My apologies, I forgot that is beyond a paywall. The article is about a plan to 'bring to light' Tibbets Brook in the northwest Bronx, that today after leaving a lake in Van Cortlandt park is diverted into the sewer system that causes all kinds of problems. What they are proposing doing is basically rebuilding the brook after the lake, which would include using a section of the old Putnam rail bed (I think they are talking a mile or so), and then feed the brook into the Harlem River.

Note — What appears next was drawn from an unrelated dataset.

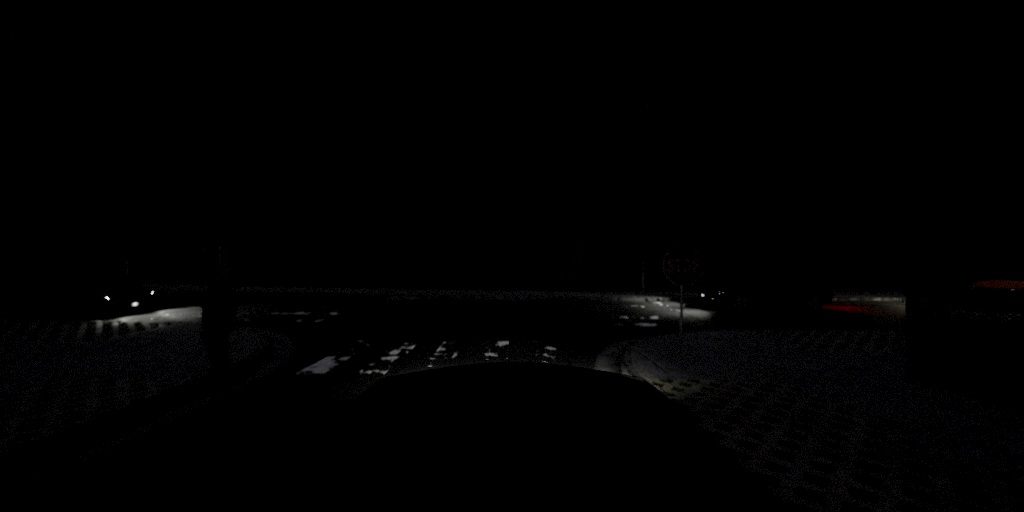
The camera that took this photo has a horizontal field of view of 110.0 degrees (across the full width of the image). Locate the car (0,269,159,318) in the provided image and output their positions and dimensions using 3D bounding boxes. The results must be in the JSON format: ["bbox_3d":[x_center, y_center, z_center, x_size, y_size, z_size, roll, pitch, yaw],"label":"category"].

The problem is the old rail bed, that in many places is basically a footpath at this point, is owned by CSX and apparently they are playing hardball with it, I am guessing they are asking a lot of money for it. I did some research on rail property and eminent domain (based on comments in the article), and one of the ways a railroad can fend off eminent domain is to claim that they may have plans in the future to use that property, which in turn would hurt their potential operations (the other reasons a railroad can use to fend off an eminent domain action is that it would affect existing operations or that it would create a safety hazard, for example taking a piece of property that would prevent railroad workers from using it in case of an emergency on the railroad, like access to the site of a derailment for example).

Basically if the city wanted to claim eminent domain for this small stretch CSX wouldn't have any of the usual defenses against it. Obviously with eminent domain the city has to pay a fair value for the land and that value would be a lot less than what I suspect CSX is offering (I will add the article doesn't give any details on this, that is pure speculation).